Solicitation of Holders of Notes. The Company and the Guarantor will not solicit, request or negotiate for or with respect to any proposed waiver or amendment of any of the provisions of this Agreement, the Notes, the Subsidiary Guarantees or any Security Document unless each holder of the Notes (irrespective of the amount of Notes then owned by it) shall concurrently be informed thereof by the Company and the Guarantor shall be afforded the opportunity of considering the same and shall be supplied by the Company and the Guarantor with sufficient information to enable it to make an informed decision with respect thereto. The Company and the Guarantor will pay all reasonable attorney fees and expenses incurred by each holder of the Notes in connection with the review, evaluation and documentation of any proposed amendment, waiver or consent in respect of any of the provisions of this Agreement or of the Notes, the Subsidiary Guarantee or the Security Documents. Executed or true and correct copies of any waiver or consent effected pursuant to the provisions of this Section 9 shall be delivered by the Company and the Guarantor to each holder of outstanding Notes forthwith following the date on which the same shall have been executed and delivered by the holder or holders of the requisite percentage of outstanding Notes.

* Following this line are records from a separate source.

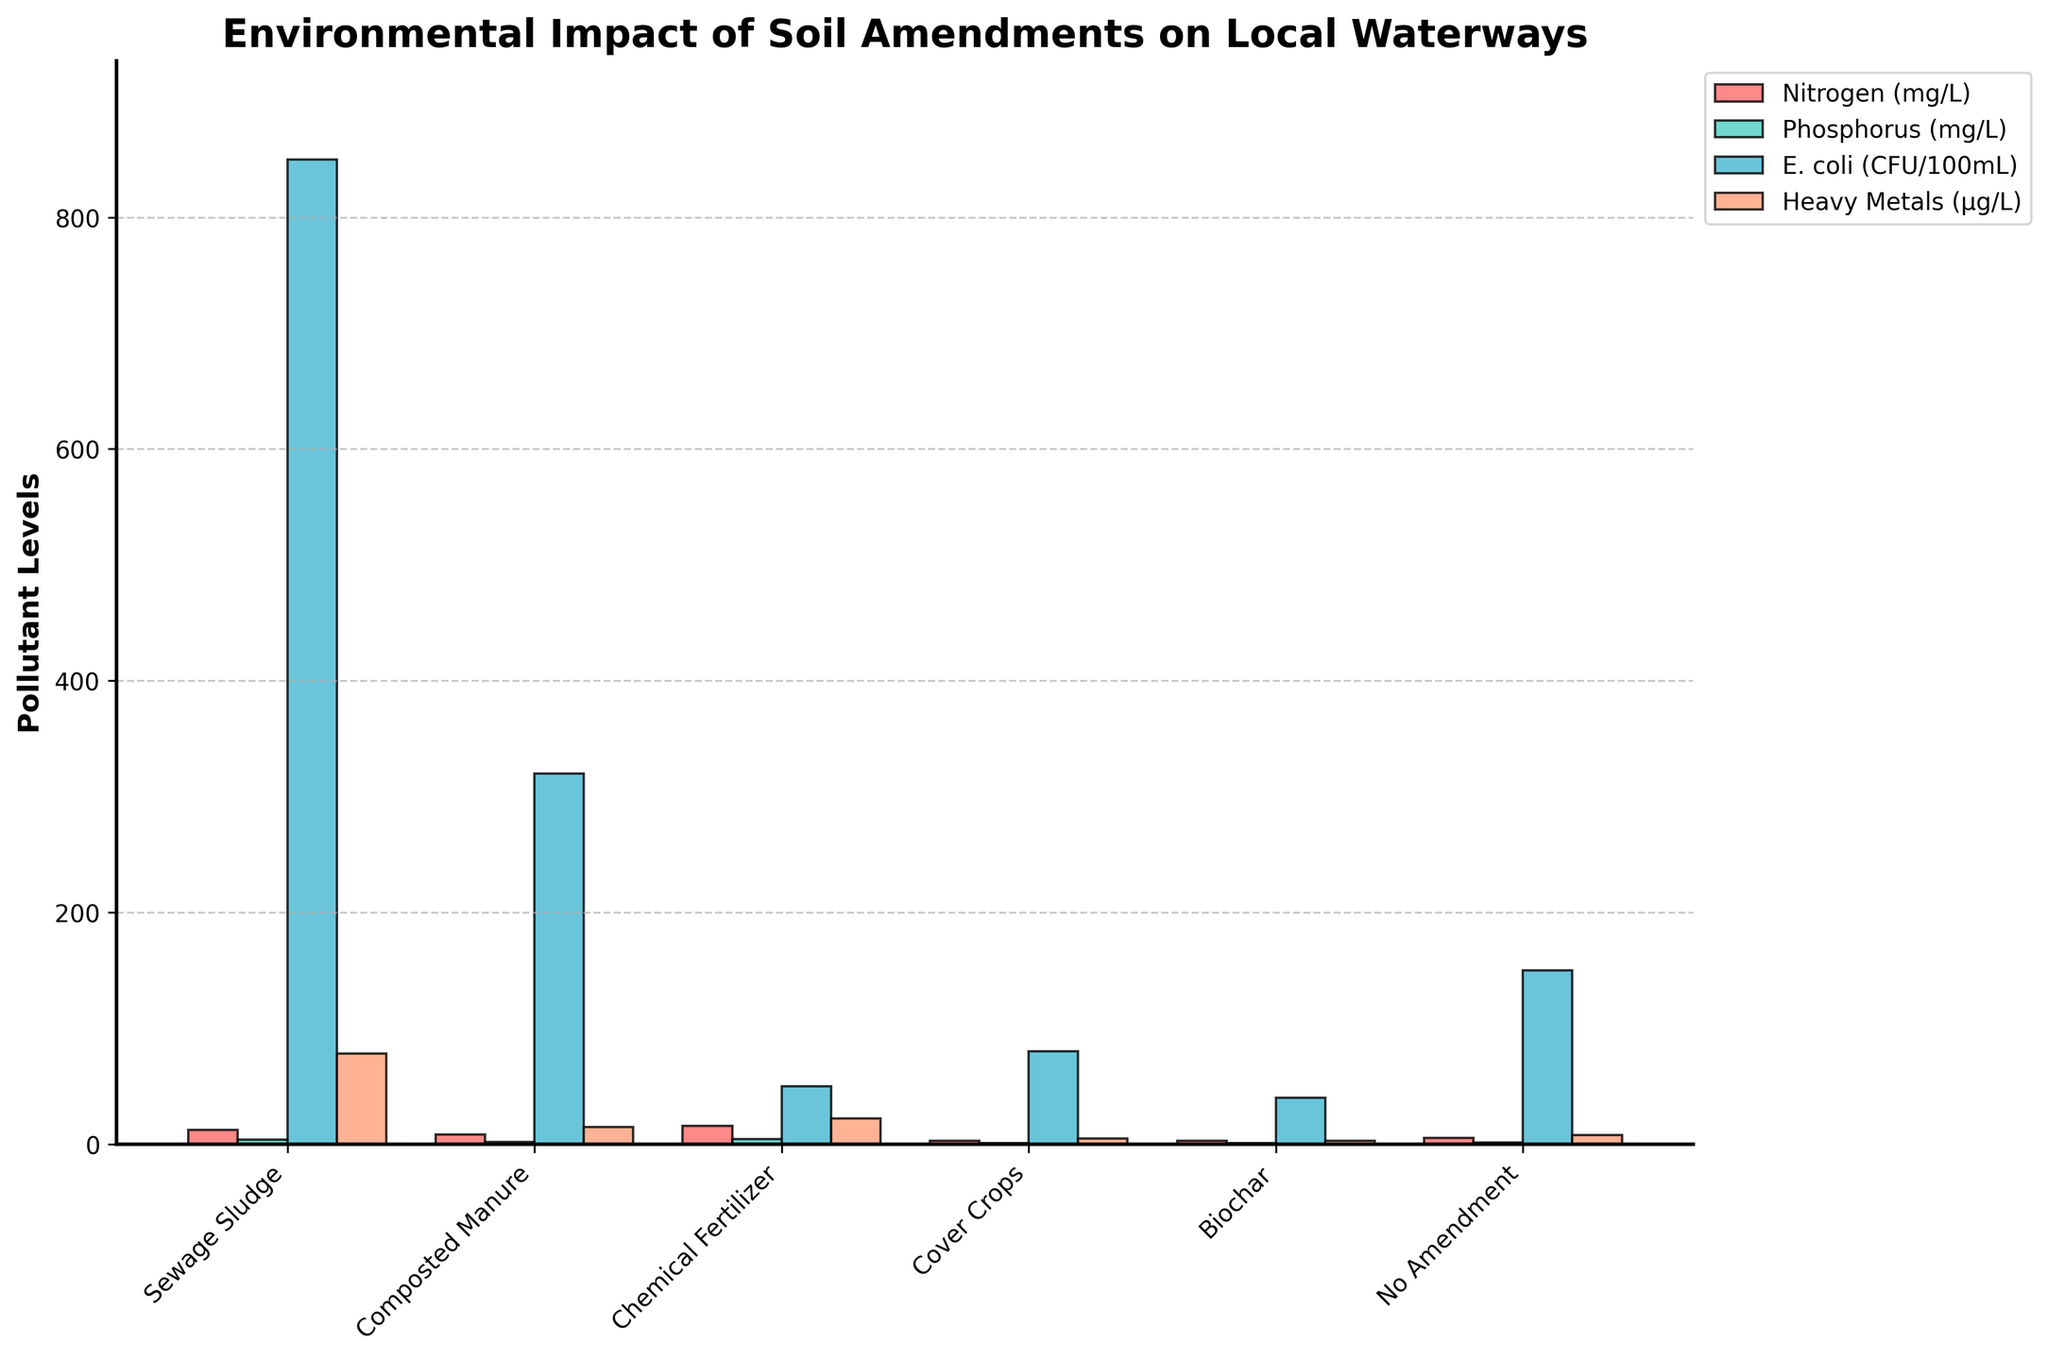What is the amendment with the highest Nitrogen level? To find the highest Nitrogen level, we compare the heights of the bars for Nitrogen (mg/L) across all amendments. The tallest bar for Nitrogen belongs to Chemical Fertilizer.
Answer: Chemical Fertilizer Which amendment has the lowest level of Heavy Metals? For Heavy Metals, we check the height of the bars labeled for Heavy Metals (µg/L). The shortest bar is for Biochar.
Answer: Biochar How does the E. coli level of Sewage Sludge compare to Composted Manure? By comparing the heights of the bars for E. coli (CFU/100mL) for Sewage Sludge and Composted Manure, we see that the bar for Sewage Sludge is much taller than that for Composted Manure.
Answer: Sewage Sludge has higher E. coli levels What is the average level of Phosphorus across all amendments? To find the average Phosphorus level, we sum the values for all amendments: 3.8 (Sewage Sludge) + 2.1 (Composted Manure) + 4.5 (Chemical Fertilizer) + 0.9 (Cover Crops) + 0.7 (Biochar) + 1.5 (No Amendment). This gives us a total of 13.5. There are 6 amendments, so we divide 13.5 by 6 to obtain the average.
Answer: 2.25 mg/L Which amendment has the greatest difference between Nitrogen and Phosphorus levels? We calculate the difference between Nitrogen and Phosphorus levels for each amendment and identify the largest gap. Calculations are: 
- Sewage Sludge: 12.5 - 3.8 = 8.7
- Composted Manure: 8.2 - 2.1 = 6.1
- Chemical Fertilizer: 15.7 - 4.5 = 11.2
- Cover Crops: 3.1 - 0.9 = 2.2
- Biochar: 2.8 - 0.7 = 2.1
- No Amendment: 5.4 - 1.5 = 3.9
The greatest difference is with the Chemical Fertilizer.
Answer: Chemical Fertilizer What is the total E. coli count if using Biochar and Cover Crops together? We add the E. coli levels of Biochar and Cover Crops. The Biochar level is 40 CFU/100mL, and the Cover Crops level is 80 CFU/100mL. The total is 40 + 80 = 120 CFU/100mL.
Answer: 120 CFU/100mL Which amendment has the second-lowest Phosphorus level? We list the Phosphorus levels in ascending order: 0.7 (Biochar), 0.9 (Cover Crops), 1.5 (No Amendment), 2.1 (Composted Manure), 3.8 (Sewage Sludge), and 4.5 (Chemical Fertilizer). The second-lowest Phosphorus level is for Cover Crops.
Answer: Cover Crops How many times higher is the level of Heavy Metals in Sewage Sludge compared to Biochar? We divide the Heavy Metals level in Sewage Sludge (78 µg/L) by the level in Biochar (3 µg/L) to find the ratio. 78 / 3 = 26. Thus, Sewage Sludge has 26 times more Heavy Metals than Biochar.
Answer: 26 times 
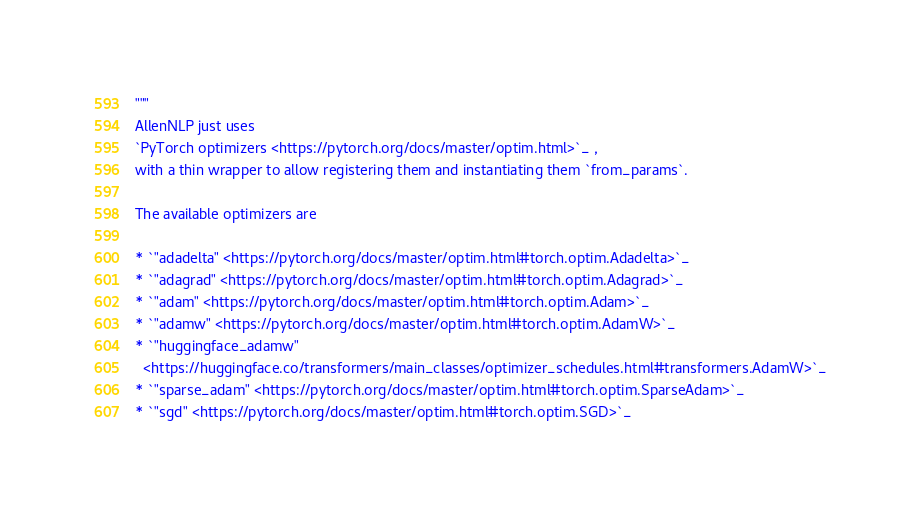Convert code to text. <code><loc_0><loc_0><loc_500><loc_500><_Python_>"""
AllenNLP just uses
`PyTorch optimizers <https://pytorch.org/docs/master/optim.html>`_ ,
with a thin wrapper to allow registering them and instantiating them `from_params`.

The available optimizers are

* `"adadelta" <https://pytorch.org/docs/master/optim.html#torch.optim.Adadelta>`_
* `"adagrad" <https://pytorch.org/docs/master/optim.html#torch.optim.Adagrad>`_
* `"adam" <https://pytorch.org/docs/master/optim.html#torch.optim.Adam>`_
* `"adamw" <https://pytorch.org/docs/master/optim.html#torch.optim.AdamW>`_
* `"huggingface_adamw"
  <https://huggingface.co/transformers/main_classes/optimizer_schedules.html#transformers.AdamW>`_
* `"sparse_adam" <https://pytorch.org/docs/master/optim.html#torch.optim.SparseAdam>`_
* `"sgd" <https://pytorch.org/docs/master/optim.html#torch.optim.SGD>`_</code>

Neither the Company nor the Guarantor will, directly or indirectly, pay or cause to be paid any remuneration, whether by way of supplemental or additional interest, fee or otherwise, to any holder of the Notes as consideration for or as an inducement to the entering into by any holder of the Notes of any waiver or amendment of any of the terms and provisions of this Agreement, any Subsidiary Guarantee or any Security Document unless such remuneration is concurrently paid, on the same terms, ratably to each holder of the then outstanding Notes.
Appears in 1 contract
Samples: Note Purchase Agreement (Oneida LTD)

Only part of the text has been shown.